How I Make $60K/Year Helping Coaches Automate Onboarding

How I Make $60K/Year Helping Coaches Automate Onboarding

Marcus

Solo Founder,

CoachFlow

$5,000

REVENUE/MO

REVENUE/MO

1

FOUNDERS

FOUNDERS

0

EMPLOYEES

EMPLOYEES

Marcus explains how he built CoachFlow to help overwhelmed coaches streamline onboarding, validated it in Facebook groups, and grew a profitable SaaS without touching code.

With Supedia Case Studies, you can see exactly how online businesses get to millions in revenue.

How did your SaaS journey begin?

Marcus:
I used to work with life coaches and business mentors as a virtual assistant. One of the biggest problems I saw over and over was clunky onboarding - PDF forms, email chains, calendar confusion. It was a mess and cost them clients.

So I thought, why not automate the whole thing? I mocked up a flow in Notion and used Typeform and Zapier to stitch together an onboarding system. After testing it with a few clients, they started referring me to others.

That’s when I realized this could be a real product, not just a custom service.

What made you decide to turn it into a SaaS?

Marcus:
Honestly, burnout. I didn’t want to keep building one-off automations. I wanted something scalable. I turned the workflows I had built into a proper SaaS using Softr and Airtable. The first version was just a client intake form, calendar booking, payment link, and welcome email - all triggered automatically.

I shared a walkthrough video in a few coaching Facebook groups. The post blew up, and I got 20 beta users within a week.

What’s the product and who is it for?

Marcus:
CoachFlow is an all-in-one onboarding system for coaches. It handles intake forms, payments, scheduling, and welcome emails - without needing a VA or complex setup.

It’s built specifically for solo coaches, course creators, and small agencies who want to automate busywork and focus on their clients.

How did you grow your user base?

Marcus:
Facebook groups were key. I joined about 30 groups related to coaching, freelancing, and online education. I didn’t pitch - I just gave advice, answered questions, and occasionally shared what I was building.

When I posted my first demo, I included a free Notion checklist and asked if anyone wanted to test it. That got me early users and testimonials.

I also created short Loom videos showing specific use cases like “How to automate a discovery call funnel.” These did well on Twitter and LinkedIn.
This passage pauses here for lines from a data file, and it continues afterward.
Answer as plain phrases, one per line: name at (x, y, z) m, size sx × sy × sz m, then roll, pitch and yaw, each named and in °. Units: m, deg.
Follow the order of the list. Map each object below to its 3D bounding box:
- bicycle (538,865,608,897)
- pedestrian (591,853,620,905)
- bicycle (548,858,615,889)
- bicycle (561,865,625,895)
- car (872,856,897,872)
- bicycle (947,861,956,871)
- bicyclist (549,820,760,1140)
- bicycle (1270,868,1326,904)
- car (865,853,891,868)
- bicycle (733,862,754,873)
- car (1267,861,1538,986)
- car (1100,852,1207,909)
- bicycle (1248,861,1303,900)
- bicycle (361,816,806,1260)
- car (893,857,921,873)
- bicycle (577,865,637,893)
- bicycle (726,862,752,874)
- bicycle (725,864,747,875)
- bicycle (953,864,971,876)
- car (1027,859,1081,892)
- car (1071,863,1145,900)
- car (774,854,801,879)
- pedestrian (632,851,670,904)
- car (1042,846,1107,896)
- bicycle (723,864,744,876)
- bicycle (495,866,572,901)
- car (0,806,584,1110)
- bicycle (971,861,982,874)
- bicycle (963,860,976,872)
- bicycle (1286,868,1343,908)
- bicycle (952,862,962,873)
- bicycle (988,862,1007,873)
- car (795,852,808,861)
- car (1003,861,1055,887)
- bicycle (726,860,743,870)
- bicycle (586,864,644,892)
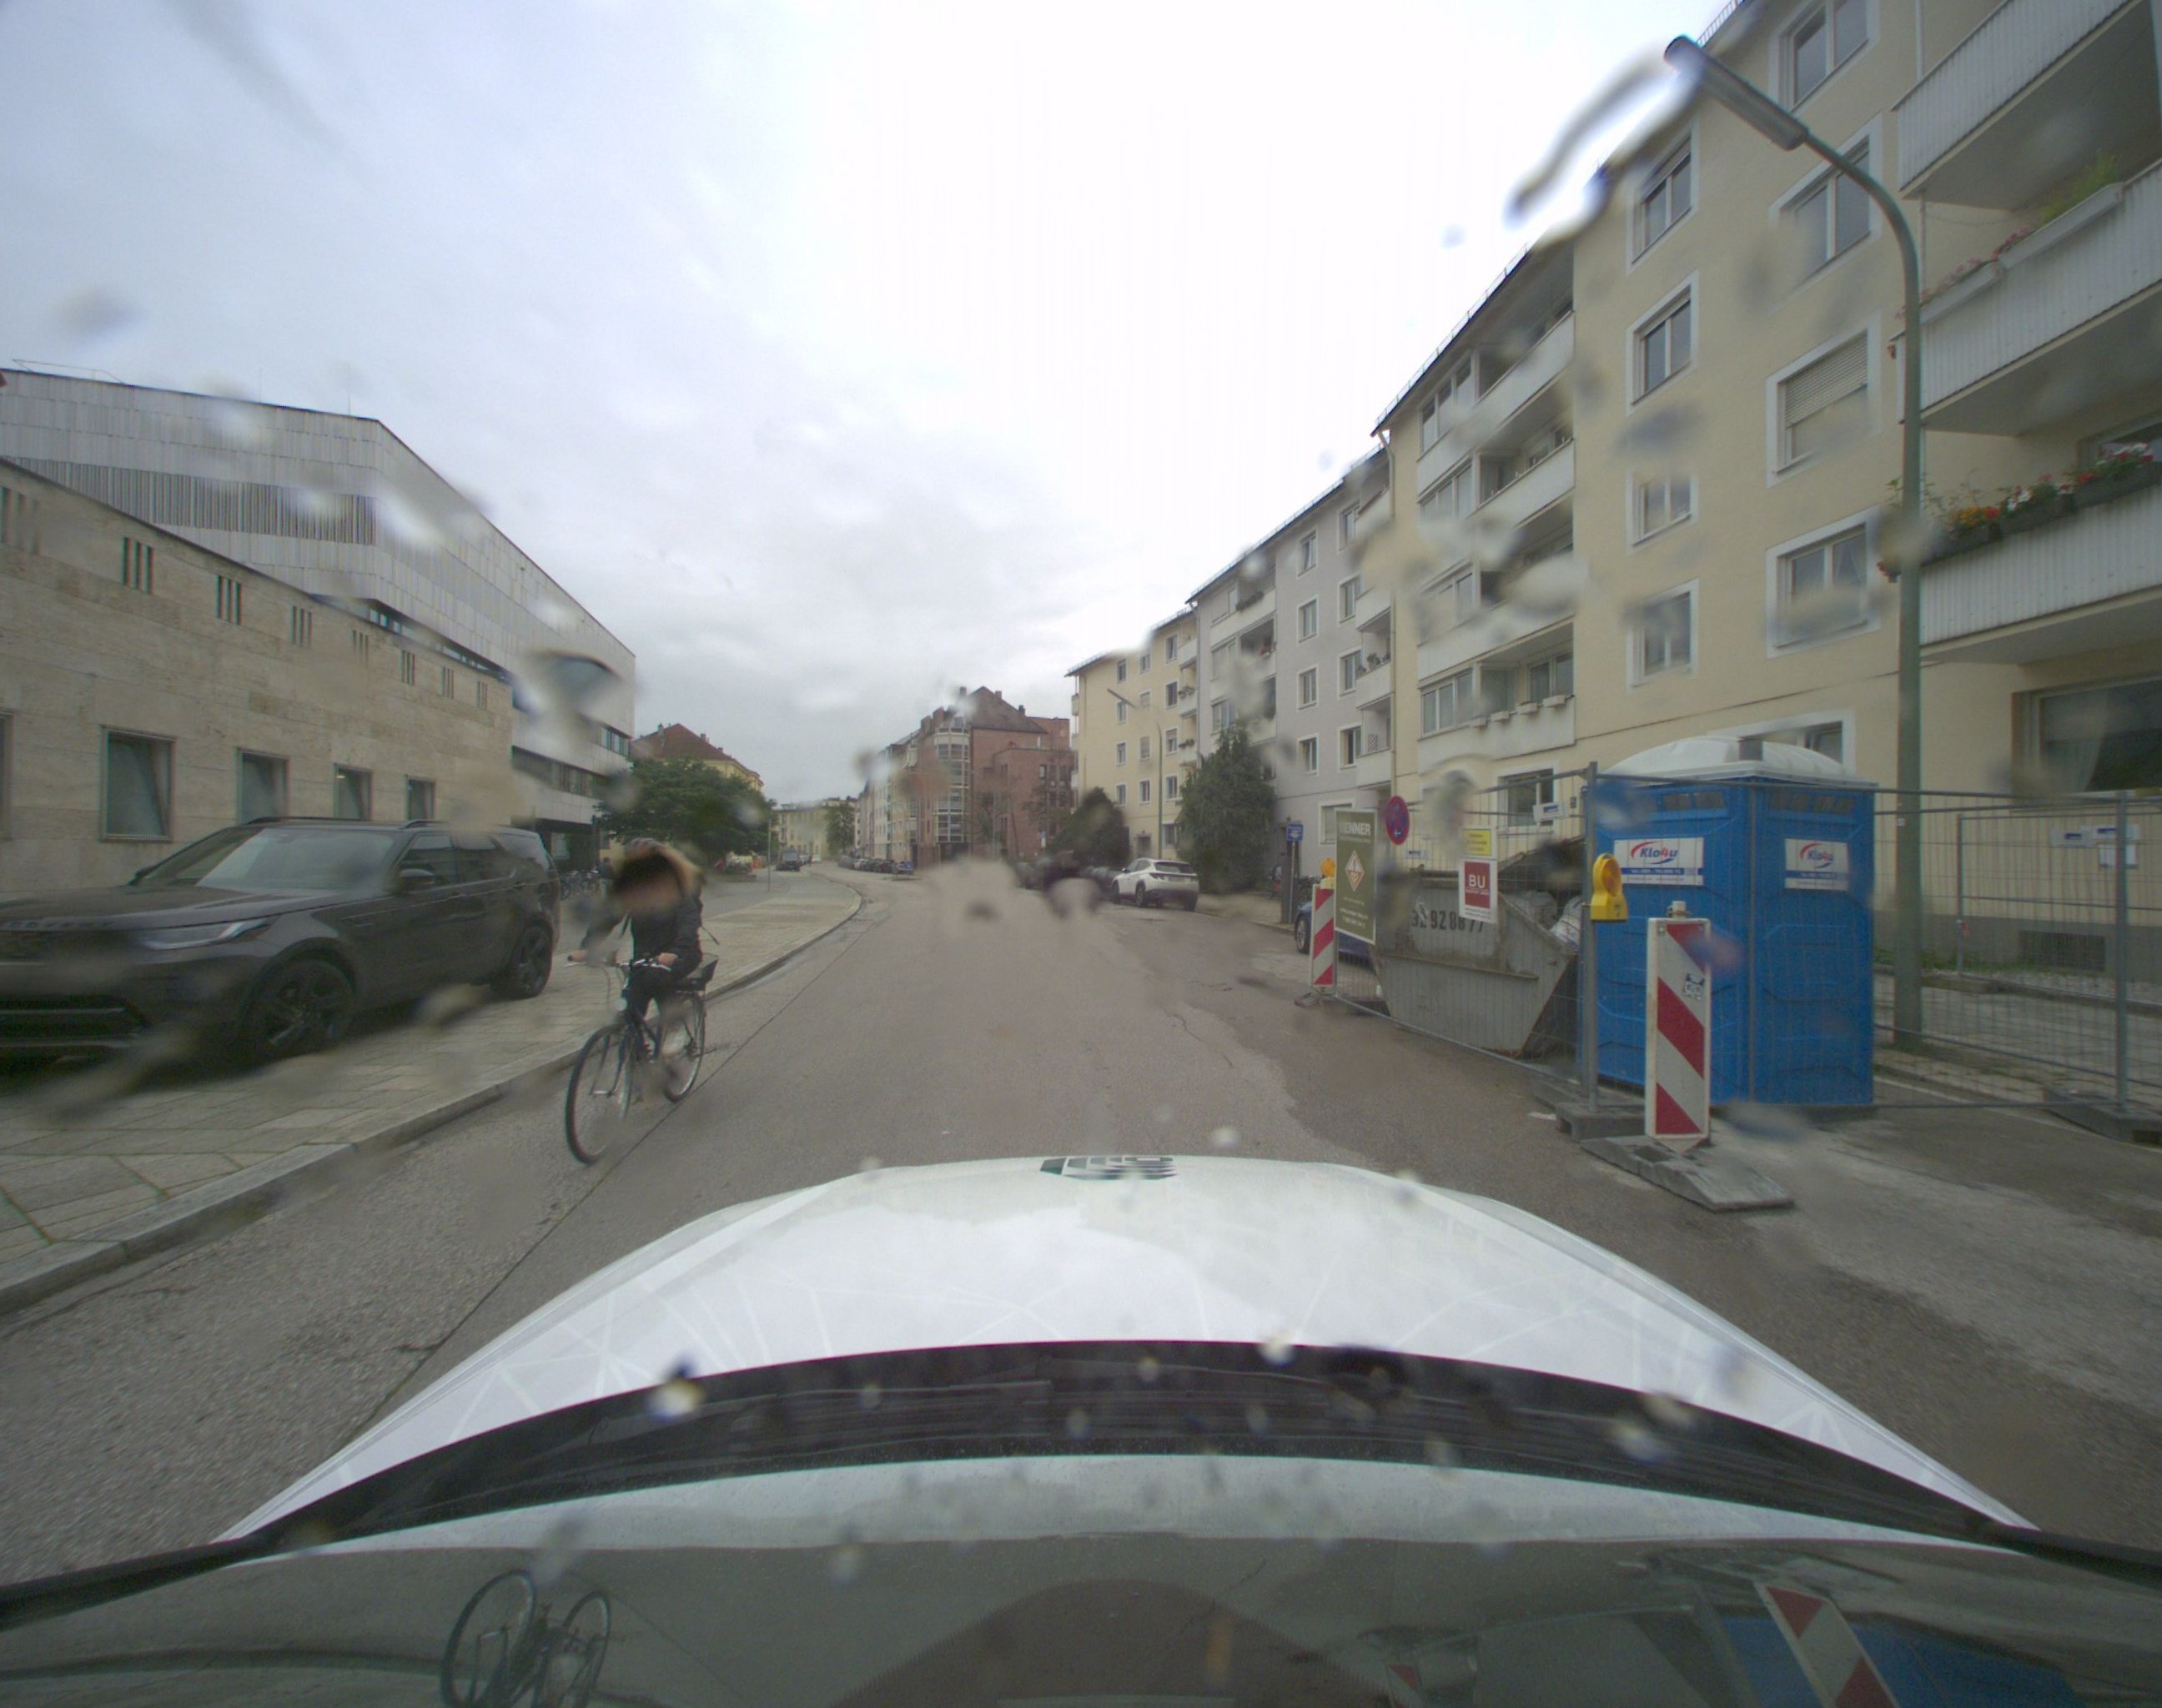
bicycle at (-18.274, 0.968, 29.341) m, size 2.054 × 1.111 × 0.612 m, roll 2°, pitch 0°, yaw -24°
pedestrian at (-15.044, 0.776, 25.770) m, size 0.648 × 1.601 × 0.599 m, roll 2°, pitch 0°, yaw -42°
bicycle at (-18.708, 0.749, 30.562) m, size 2.054 × 1.111 × 0.612 m, roll 2°, pitch 0°, yaw -24°
bicycle at (-19.298, 1.036, 32.260) m, size 2.052 × 1.111 × 0.613 m, roll 2°, pitch 0°, yaw -20°
car at (-21.774, 1.113, 90.187) m, size 1.839 × 1.602 × 4.230 m, roll 2°, pitch 0°, yaw -26°
bicycle at (-14.223, 1.332, 89.415) m, size 0.488 × 1.060 × 1.979 m, roll 2°, pitch -2°, yaw -25°
bicyclist at (-2.509, 0.671, 4.929) m, size 0.746 × 1.717 × 1.030 m, roll -1°, pitch 1°, yaw -4°
bicycle at (7.302, 1.069, 27.466) m, size 0.581 × 1.158 × 1.811 m, roll -2°, pitch 0°, yaw -38°
car at (-23.550, 0.731, 94.589) m, size 1.974 × 1.602 × 4.632 m, roll 2°, pitch 0°, yaw -26°
bicycle at (-35.382, 1.423, 85.476) m, size 1.906 × 1.092 × 0.675 m, roll 2°, pitch 0°, yaw -13°
car at (4.505, 0.880, 12.327) m, size 1.829 × 1.442 × 4.617 m, roll 2°, pitch 0°, yaw -7°
car at (2.295, 0.808, 27.301) m, size 2.030 × 1.678 × 4.587 m, roll 2°, pitch 0°, yaw -16°
bicycle at (7.270, 0.955, 30.601) m, size 0.745 × 1.367 × 2.455 m, roll -3°, pitch 1°, yaw -19°
bicycle at (-2.486, 0.696, 4.783) m, size 0.793 × 1.722 × 3.111 m, roll -2°, pitch 1°, yaw -4°
car at (-17.269, 1.074, 80.549) m, size 1.933 × 1.512 × 4.359 m, roll 2°, pitch -1°, yaw -22°
bicycle at (-19.649, 1.049, 33.813) m, size 2.052 × 1.111 × 0.613 m, roll 2°, pitch 0°, yaw -20°
bicycle at (-34.148, 1.427, 81.361) m, size 2.312 × 1.135 × 0.579 m, roll 2°, pitch 0°, yaw -13°
bicycle at (-33.928, 1.523, 80.028) m, size 1.868 × 1.029 × 0.537 m, roll 2°, pitch 0°, yaw -13°
bicycle at (-12.843, 1.731, 88.068) m, size 1.852 × 1.147 × 0.485 m, roll 2°, pitch 0°, yaw -17°
car at (-1.437, 1.056, 41.227) m, size 1.662 × 1.566 × 4.490 m, roll 2°, pitch -1°, yaw -16°
car at (1.009, 1.057, 32.257) m, size 1.663 × 1.349 × 3.779 m, roll 2°, pitch -2°, yaw -19°
car at (-34.345, 1.484, 95.209) m, size 2.433 × 2.715 × 5.905 m, roll -1°, pitch -1°, yaw -24°
pedestrian at (-14.390, 0.778, 27.273) m, size 0.793 × 1.739 × 0.819 m, roll 2°, pitch 0°, yaw -6°
car at (-0.380, 0.717, 36.747) m, size 1.751 × 2.081 × 4.491 m, roll 2°, pitch 0°, yaw -16°
bicycle at (-33.651, 1.551, 78.866) m, size 1.792 × 1.033 × 0.505 m, roll 2°, pitch 0°, yaw -13°
bicycle at (-18.577, 1.009, 27.651) m, size 2.048 × 1.111 × 0.614 m, roll 2°, pitch 0°, yaw -13°
car at (-6.558, 0.593, 7.128) m, size 1.992 × 1.772 × 4.801 m, roll 0°, pitch 0°, yaw -8°
bicycle at (-10.388, 1.339, 81.007) m, size 0.416 × 1.173 × 1.368 m, roll 2°, pitch 0°, yaw 22°
bicycle at (-11.215, 1.225, 81.785) m, size 0.537 × 1.248 × 2.391 m, roll 2°, pitch -2°, yaw -28°
bicycle at (7.500, 1.065, 26.124) m, size 1.836 × 1.158 × 0.573 m, roll -2°, pitch 0°, yaw -26°
bicycle at (-13.663, 1.479, 89.597) m, size 0.488 × 1.060 × 1.979 m, roll 2°, pitch -1°, yaw -25°
bicycle at (-7.701, 1.248, 75.145) m, size 1.707 × 0.965 × 0.542 m, roll 2°, pitch 0°, yaw -22°
car at (-50.490, 0.448, 147.146) m, size 2.033 × 1.621 × 4.473 m, roll 2°, pitch 0°, yaw -21°
car at (-3.014, 1.135, 46.191) m, size 1.761 × 1.396 × 4.014 m, roll 2°, pitch -2°, yaw -22°
bicycle at (-31.549, 0.983, 74.145) m, size 1.375 × 0.862 × 0.437 m, roll 2°, pitch 0°, yaw -17°
bicycle at (-20.018, 1.036, 35.034) m, size 2.052 × 1.111 × 0.613 m, roll 2°, pitch 0°, yaw -20°

What are your revenue numbers and pricing structure?

Marcus:
I’m making around $5,000/month with 120 paying users. Pricing is simple:

Starter: $15/month (1 workflow)

Pro: $29/month (3 workflows + branding)

Elite: $49/month (unlimited workflows + team access)

Most people start with Starter, but upgrade within 2 months. I offer a 7-day free trial and discounts for annual plans.
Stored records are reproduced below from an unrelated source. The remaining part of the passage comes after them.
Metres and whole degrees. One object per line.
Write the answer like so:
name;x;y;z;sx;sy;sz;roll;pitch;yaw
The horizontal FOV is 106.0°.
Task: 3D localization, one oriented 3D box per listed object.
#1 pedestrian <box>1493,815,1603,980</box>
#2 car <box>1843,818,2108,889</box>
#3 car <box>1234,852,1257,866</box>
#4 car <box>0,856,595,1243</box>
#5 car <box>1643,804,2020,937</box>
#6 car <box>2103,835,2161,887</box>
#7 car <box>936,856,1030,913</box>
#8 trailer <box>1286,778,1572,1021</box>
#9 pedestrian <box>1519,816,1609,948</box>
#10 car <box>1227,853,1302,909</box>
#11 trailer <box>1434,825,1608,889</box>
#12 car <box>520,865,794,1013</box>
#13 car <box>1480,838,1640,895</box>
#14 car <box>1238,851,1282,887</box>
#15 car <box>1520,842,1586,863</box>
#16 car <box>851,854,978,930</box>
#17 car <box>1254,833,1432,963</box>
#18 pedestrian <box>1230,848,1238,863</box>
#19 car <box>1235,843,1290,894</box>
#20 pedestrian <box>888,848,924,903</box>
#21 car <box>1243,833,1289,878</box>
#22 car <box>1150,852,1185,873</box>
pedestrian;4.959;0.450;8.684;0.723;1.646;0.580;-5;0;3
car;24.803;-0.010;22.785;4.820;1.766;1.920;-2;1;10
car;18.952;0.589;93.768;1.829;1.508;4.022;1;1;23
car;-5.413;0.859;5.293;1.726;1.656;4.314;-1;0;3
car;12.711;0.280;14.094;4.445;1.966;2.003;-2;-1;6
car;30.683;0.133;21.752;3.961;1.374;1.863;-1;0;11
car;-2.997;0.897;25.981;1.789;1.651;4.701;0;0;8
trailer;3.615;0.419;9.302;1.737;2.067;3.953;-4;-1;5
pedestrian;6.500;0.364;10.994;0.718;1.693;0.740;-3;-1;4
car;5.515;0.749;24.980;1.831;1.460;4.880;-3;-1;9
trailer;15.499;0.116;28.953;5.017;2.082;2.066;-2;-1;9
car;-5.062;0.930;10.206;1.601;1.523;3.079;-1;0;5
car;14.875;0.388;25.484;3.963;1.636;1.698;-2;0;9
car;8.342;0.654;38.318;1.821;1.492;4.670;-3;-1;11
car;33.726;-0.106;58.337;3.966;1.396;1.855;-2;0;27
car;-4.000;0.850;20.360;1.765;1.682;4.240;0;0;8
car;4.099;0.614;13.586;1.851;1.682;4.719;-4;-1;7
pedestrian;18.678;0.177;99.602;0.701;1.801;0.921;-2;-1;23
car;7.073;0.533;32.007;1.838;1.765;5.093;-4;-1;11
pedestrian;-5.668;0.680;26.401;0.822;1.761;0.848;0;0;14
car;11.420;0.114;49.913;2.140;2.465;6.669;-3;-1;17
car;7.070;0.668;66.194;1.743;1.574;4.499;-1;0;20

What was your startup cost?

Marcus:
Since I used no-code tools and leaned on free plans at the start, the costs were low. Here’s the breakdown:

Softr: $29/month

Airtable: Free initially, now $24/month

Zapier: $19/month

Stripe: Free

Domain + Hosting: $15/month

Loom and Canva: Free plans

Total startup cost: around $80/month, and about $300 for the first 3 months.

What tools are essential for running your solo SaaS?

Marcus:
My stack is 100% no-code:

Softr - Web app builder

Airtable - Backend database

Zapier - Automations

Stripe - Payments

Tally - Intake forms

ConvertKit - Email flows

Loom - Demos and tutorials

Everything runs lean and I can manage it all without hiring anyone.
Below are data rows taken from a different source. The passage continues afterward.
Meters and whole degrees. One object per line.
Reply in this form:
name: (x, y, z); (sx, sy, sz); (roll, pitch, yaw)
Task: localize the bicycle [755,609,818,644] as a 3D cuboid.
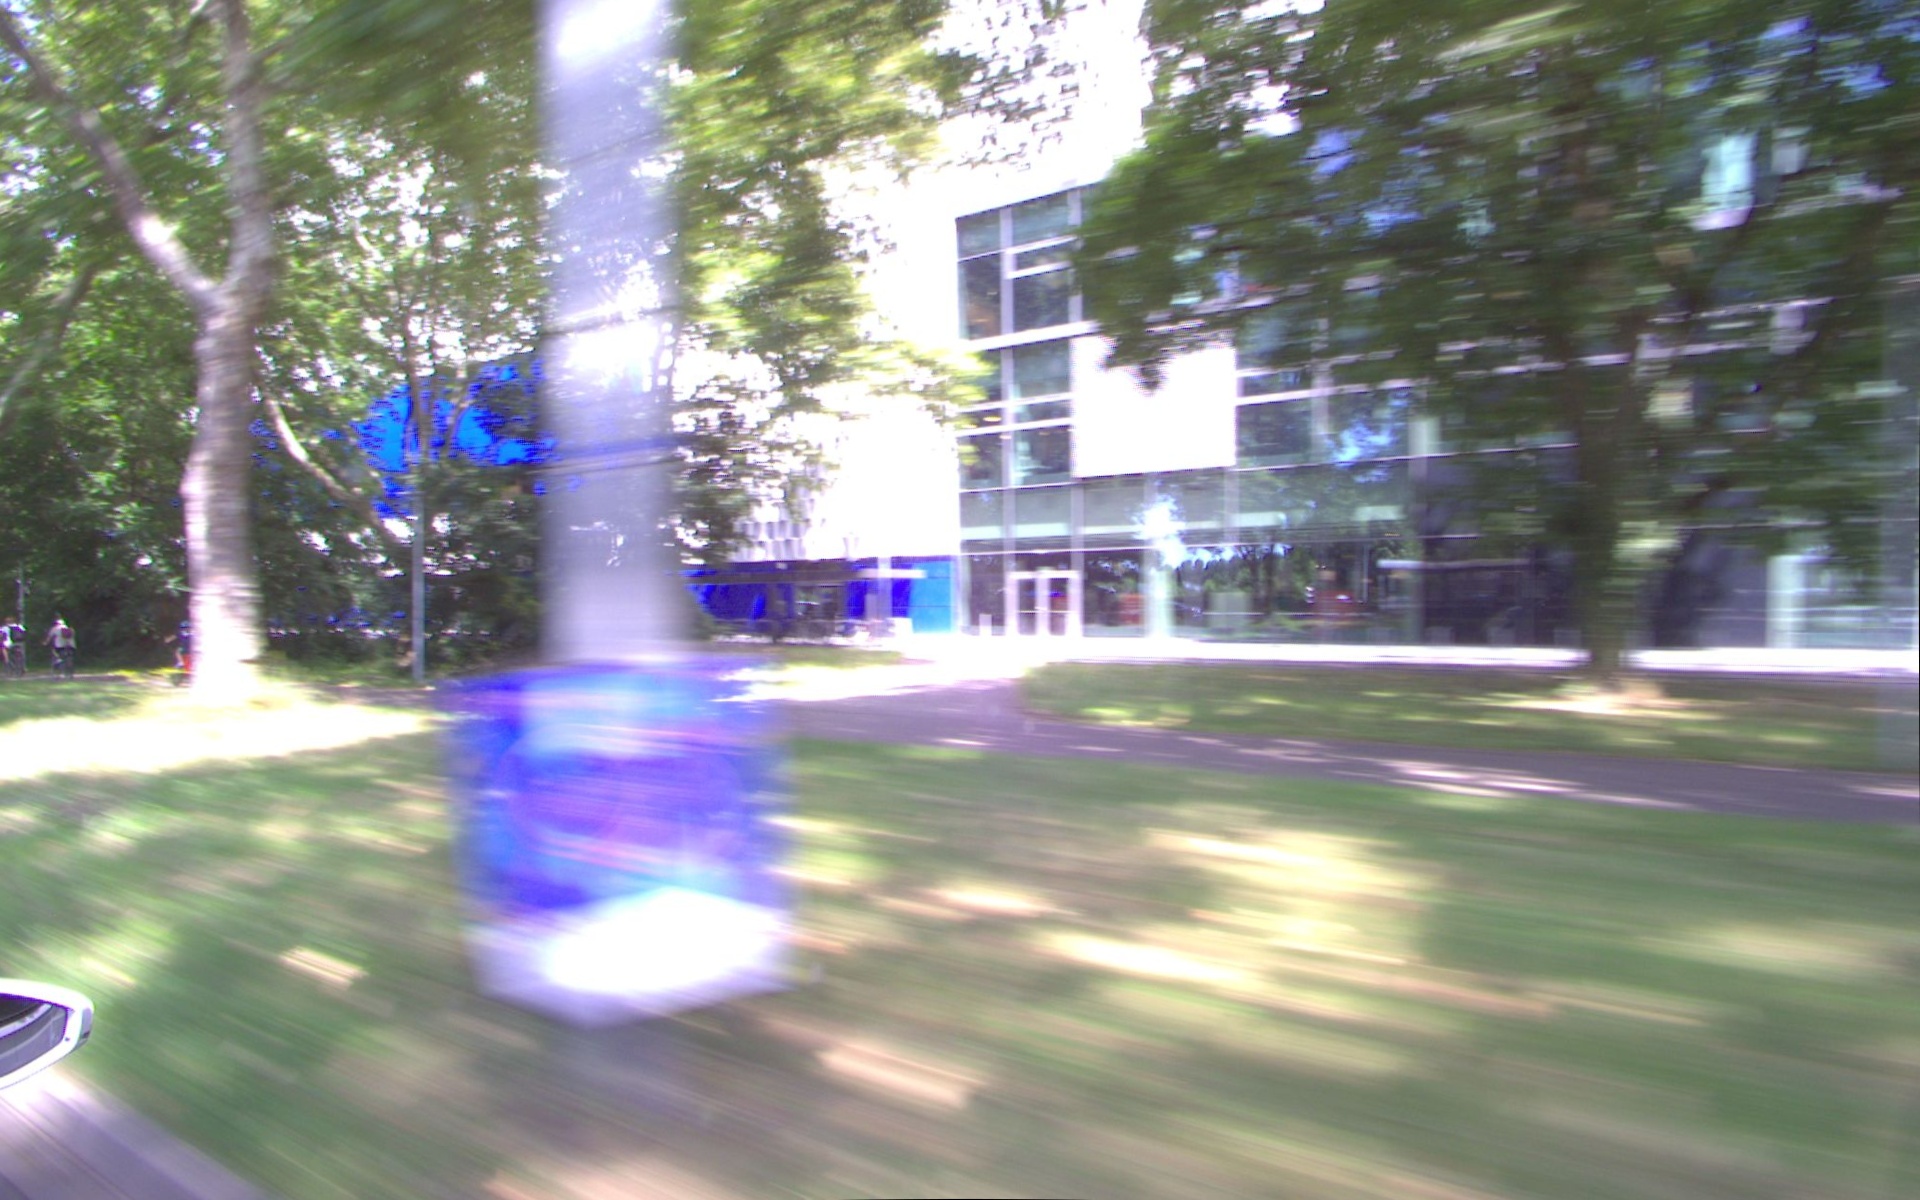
bicycle: (-5.938, 0.901, 34.423); (0.747, 1.125, 2.543); (0, 0, 28)

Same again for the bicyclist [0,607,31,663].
bicyclist: (-29.873, 1.098, 31.634); (0.831, 1.769, 0.596); (0, 0, 33)

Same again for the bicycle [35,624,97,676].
bicycle: (-25.819, 1.412, 28.902); (2.623, 1.439, 0.609); (-1, 0, 32)

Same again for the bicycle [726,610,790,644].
bicycle: (-7.031, 0.925, 35.034); (0.747, 1.125, 2.543); (0, 0, 28)

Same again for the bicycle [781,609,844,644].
bicycle: (-4.959, 0.878, 33.822); (0.747, 1.125, 2.543); (0, 0, 28)

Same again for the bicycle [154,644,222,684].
bicycle: (-18.635, 1.521, 24.145); (1.994, 0.898, 0.644); (-1, 0, 32)

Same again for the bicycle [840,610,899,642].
bicycle: (-2.923, 0.830, 32.607); (0.747, 0.973, 2.314); (0, 0, 28)

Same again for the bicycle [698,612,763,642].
bicycle: (-8.125, 0.947, 35.593); (0.747, 0.983, 2.543); (0, 0, 28)

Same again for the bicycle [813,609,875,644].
bicycle: (-3.836, 0.863, 33.469); (0.747, 1.125, 2.543); (0, 0, 28)

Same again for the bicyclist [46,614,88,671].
bicyclist: (-25.788, 1.225, 28.918); (1.038, 1.620, 0.657); (-1, 0, 33)

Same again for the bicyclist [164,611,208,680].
bicyclist: (-18.722, 1.084, 24.222); (0.805, 1.631, 0.621); (0, 0, 34)

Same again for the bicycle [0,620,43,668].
bicycle: (-29.742, 1.368, 31.537); (2.623, 1.439, 0.609); (-1, 0, 32)

What’s your biggest win so far?

Marcus:
A coaching agency with 12 team members signed up for the Elite plan and said it cut their admin time in half. That made me realize this wasn’t just for solopreneurs - it could scale to small teams too.

Also, getting my first recurring Stripe payment while out hiking - nothing beats that.

What was your biggest mistake?

Marcus:
Trying to make the onboarding process too customizable at first. I added conditional logic, themes, all kinds of options. Users got overwhelmed. I ended up removing 70% of the settings and built fixed templates instead. Simplicity wins.

What advice would you give to first-time founders?

Marcus:
Build from what you know. If you’ve solved a problem manually, chances are others need the same fix in a packaged way.

Start with no-code. You don’t need a tech cofounder. Just build, talk to users, and share your journey in the open.

Takeaways from Marcus’s Strategy

✔ Solve a recurring client pain you’ve personally seen
✔ Use Facebook groups for early traction and feedback
✔ Launch with no-code tools to save time and money
✔ Keep your product simple and focused
✔ Monetize early and iterate based on real users

More Case Studies

$20M+ Monthly

$1,000 Start-up Cost

$400,000 Monthly

$1,000 Start-up Cost

$30,000 Monthly

$5,000 Start-up Cost

$600,000 Monthly

$1,000 Start-up Cost

$20M+ Monthly

$1,000 Start-up Cost

$400,000 Monthly

$1,000 Start-up Cost

$30,000 Monthly

$5,000 Start-up Cost

$600,000 Monthly

$1,000 Start-up Cost

$20M+ Monthly

$1,000 Start-up Cost

$400,000 Monthly

$1,000 Start-up Cost

$30,000 Monthly

$5,000 Start-up Cost

$600,000 Monthly

$1,000 Start-up Cost

Background Image
Logo

© 2025 Supedia. All rights reserved.

Background Image
Logo

© 2025 Supedia. All rights reserved.

Background Image
Logo

© 2025 Supedia. All rights reserved.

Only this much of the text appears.